No assessment of the state of the union is complete without acknowledging the country’s deteriorating budget situation and unprecedented fiscal challenges. Instead of ignoring high and rising national debt, our leaders must work together to finance the future responsibly. For more, see an analysis by the Committee for a Responsible Federal Budget of the new budget projections from the Congressional Budget Office.
National debt is historically high. Gross debt is around $22 trillion. Debt held by the public stands at over $16 trillion, or 78 percent of the U.S. economy, which is the highest it has been since just following World War II.
Permanent $1 trillion deficits are coming. The federal budget deficit in fiscal year 2018 was $779 billion, $113 billion higher than the previous year. The deficit is expected to be near $900 billion this year and exceed $1 trillion permanently by 2022.

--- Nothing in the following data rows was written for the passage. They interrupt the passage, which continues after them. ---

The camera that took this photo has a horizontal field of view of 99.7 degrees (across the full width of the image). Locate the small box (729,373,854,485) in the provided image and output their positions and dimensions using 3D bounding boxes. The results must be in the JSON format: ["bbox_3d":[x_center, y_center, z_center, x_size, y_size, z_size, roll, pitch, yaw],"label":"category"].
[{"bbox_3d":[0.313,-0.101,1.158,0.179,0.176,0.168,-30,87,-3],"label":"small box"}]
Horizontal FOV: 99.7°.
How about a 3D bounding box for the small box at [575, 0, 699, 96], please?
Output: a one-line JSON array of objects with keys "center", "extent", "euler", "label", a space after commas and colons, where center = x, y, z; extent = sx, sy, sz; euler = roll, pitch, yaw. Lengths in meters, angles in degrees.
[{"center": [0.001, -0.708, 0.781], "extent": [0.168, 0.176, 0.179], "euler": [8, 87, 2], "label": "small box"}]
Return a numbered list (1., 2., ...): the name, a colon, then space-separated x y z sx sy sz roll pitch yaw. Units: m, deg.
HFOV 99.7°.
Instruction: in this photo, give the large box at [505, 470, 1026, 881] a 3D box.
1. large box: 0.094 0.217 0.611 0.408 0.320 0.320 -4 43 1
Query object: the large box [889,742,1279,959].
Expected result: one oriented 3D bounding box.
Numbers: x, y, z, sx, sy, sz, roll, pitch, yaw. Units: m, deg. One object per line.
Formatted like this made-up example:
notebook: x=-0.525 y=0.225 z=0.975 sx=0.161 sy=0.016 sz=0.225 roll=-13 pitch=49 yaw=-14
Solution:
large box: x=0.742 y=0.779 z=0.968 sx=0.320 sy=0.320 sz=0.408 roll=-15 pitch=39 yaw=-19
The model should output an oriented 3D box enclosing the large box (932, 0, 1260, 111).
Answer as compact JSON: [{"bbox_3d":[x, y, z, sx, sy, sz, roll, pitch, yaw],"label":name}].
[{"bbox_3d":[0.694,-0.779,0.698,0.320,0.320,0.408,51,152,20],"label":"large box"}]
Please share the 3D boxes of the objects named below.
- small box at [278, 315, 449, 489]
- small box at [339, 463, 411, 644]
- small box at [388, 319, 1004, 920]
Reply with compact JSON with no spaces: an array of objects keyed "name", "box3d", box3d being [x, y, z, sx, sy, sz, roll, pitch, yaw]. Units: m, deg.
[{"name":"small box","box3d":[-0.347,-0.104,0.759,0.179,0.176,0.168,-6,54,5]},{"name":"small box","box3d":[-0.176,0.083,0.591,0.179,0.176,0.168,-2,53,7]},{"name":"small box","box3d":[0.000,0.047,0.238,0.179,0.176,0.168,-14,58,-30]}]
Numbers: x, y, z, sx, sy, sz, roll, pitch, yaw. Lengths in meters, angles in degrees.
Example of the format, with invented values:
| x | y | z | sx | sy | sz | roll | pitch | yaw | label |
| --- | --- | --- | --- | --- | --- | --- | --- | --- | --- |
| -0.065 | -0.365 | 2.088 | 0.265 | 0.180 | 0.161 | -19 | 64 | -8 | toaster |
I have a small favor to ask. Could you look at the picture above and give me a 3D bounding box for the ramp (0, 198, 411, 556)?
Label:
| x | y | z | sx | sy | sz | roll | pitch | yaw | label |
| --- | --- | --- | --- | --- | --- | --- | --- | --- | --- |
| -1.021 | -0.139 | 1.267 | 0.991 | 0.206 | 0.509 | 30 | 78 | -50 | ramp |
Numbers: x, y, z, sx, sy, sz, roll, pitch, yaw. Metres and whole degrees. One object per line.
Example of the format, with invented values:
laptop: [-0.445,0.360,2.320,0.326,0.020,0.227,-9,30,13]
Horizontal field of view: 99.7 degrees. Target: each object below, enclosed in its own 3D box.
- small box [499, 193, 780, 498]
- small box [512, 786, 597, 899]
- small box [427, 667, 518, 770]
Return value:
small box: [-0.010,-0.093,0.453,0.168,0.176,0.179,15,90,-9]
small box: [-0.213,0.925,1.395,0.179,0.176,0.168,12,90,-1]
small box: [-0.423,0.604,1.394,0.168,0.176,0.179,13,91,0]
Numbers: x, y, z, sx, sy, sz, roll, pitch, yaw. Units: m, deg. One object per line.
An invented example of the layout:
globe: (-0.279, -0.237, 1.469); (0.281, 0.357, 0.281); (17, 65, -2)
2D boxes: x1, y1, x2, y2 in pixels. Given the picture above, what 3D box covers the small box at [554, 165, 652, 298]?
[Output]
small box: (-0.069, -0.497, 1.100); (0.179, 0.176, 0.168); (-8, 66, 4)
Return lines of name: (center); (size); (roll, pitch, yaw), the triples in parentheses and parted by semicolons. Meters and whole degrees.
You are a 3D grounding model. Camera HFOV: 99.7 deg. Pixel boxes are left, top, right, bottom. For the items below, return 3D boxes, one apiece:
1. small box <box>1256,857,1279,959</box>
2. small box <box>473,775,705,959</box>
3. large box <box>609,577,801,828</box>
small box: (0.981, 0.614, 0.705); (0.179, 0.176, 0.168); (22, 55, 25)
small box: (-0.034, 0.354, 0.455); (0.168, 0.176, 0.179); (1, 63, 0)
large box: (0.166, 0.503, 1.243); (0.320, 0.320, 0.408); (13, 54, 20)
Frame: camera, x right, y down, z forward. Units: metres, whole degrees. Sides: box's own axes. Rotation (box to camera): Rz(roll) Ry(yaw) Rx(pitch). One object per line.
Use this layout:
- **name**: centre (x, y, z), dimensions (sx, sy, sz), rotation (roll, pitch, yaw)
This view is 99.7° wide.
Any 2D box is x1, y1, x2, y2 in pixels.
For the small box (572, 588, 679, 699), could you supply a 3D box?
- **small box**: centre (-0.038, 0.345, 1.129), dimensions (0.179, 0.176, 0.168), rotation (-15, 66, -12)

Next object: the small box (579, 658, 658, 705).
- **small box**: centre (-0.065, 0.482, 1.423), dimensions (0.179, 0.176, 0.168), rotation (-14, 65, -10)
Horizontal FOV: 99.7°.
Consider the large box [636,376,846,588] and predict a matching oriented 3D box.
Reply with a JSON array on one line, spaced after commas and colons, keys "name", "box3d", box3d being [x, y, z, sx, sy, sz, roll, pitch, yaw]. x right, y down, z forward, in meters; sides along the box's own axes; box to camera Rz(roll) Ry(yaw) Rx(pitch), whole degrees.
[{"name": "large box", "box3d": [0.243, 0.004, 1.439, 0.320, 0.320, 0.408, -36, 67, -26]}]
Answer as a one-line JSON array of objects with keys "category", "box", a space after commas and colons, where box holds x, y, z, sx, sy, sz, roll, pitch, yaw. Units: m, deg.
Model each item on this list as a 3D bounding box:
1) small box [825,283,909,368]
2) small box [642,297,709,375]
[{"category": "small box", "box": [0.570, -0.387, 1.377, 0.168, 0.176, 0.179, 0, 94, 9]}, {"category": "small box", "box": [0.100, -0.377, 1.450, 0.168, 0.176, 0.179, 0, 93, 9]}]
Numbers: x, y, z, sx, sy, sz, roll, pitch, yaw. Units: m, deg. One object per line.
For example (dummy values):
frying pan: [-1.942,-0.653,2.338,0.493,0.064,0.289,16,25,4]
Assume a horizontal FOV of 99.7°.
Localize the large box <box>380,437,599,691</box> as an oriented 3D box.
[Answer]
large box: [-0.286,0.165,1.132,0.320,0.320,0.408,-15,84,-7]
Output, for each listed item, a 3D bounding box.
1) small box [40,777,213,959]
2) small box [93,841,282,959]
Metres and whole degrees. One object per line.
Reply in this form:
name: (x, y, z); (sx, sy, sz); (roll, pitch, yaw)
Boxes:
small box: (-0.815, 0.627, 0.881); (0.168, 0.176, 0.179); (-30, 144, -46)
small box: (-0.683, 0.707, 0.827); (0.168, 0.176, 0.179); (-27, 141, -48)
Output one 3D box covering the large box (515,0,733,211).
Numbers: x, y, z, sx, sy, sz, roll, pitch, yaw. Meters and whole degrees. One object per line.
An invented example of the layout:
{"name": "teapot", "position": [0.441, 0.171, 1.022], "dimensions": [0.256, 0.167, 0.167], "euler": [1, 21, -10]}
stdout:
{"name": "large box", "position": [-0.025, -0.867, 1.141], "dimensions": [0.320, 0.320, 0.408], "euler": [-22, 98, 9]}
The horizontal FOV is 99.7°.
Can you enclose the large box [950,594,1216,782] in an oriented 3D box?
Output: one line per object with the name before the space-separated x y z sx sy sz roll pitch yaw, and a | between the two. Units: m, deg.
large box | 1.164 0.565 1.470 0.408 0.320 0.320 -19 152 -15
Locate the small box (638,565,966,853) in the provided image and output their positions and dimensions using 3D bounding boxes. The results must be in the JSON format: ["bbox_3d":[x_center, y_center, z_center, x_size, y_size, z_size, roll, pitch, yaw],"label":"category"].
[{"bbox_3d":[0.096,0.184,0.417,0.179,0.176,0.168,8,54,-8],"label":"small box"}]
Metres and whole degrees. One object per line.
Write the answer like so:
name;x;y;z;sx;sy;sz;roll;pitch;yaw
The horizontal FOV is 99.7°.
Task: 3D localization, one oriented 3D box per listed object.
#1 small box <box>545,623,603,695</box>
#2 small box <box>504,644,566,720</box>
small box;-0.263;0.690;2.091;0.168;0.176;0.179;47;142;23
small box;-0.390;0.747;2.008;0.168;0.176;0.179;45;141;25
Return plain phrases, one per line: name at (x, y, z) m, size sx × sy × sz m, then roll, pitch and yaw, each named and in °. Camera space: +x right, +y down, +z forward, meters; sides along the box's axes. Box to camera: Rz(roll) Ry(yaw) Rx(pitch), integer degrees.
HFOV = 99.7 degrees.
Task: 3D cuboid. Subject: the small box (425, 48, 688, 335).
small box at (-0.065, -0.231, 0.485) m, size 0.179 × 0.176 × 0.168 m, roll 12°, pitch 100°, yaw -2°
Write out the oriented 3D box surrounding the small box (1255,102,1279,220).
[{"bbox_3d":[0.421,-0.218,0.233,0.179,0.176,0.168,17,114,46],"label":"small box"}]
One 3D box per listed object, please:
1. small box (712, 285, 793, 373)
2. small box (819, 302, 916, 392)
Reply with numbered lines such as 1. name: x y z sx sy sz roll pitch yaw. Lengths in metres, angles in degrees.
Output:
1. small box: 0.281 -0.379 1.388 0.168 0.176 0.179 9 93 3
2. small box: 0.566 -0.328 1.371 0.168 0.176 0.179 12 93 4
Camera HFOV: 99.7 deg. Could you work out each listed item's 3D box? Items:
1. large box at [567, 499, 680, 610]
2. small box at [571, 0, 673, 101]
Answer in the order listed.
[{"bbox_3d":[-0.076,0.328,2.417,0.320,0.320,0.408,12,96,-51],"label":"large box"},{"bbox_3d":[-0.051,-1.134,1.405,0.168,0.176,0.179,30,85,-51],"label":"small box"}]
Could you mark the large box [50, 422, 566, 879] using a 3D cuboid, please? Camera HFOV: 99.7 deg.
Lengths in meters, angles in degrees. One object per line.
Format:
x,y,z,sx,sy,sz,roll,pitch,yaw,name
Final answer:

Policymakers are making the problem worse instead of fixing it. Our leaders are taking us in the wrong direction. Legislation enacted in fiscal year 2018 is projected to add $2.4 trillion to the debt by 2027. Most of that increase is due to the Tax Cuts and Jobs Act and the Bipartisan Budget Act of 2018. If temporary tax cuts and spending increases in those bills are extended, they will add even more to the debt.
Debt is rapidly growing towards levels never seen before. Debt will increase by more than $12.5 trillion over the next decade. Debt held by the public will tie the all-time record of 106 percent of the economy by 2035. If tax cuts and spending increases currently set to expire are extended, debt will likely eclipse the record by 2030.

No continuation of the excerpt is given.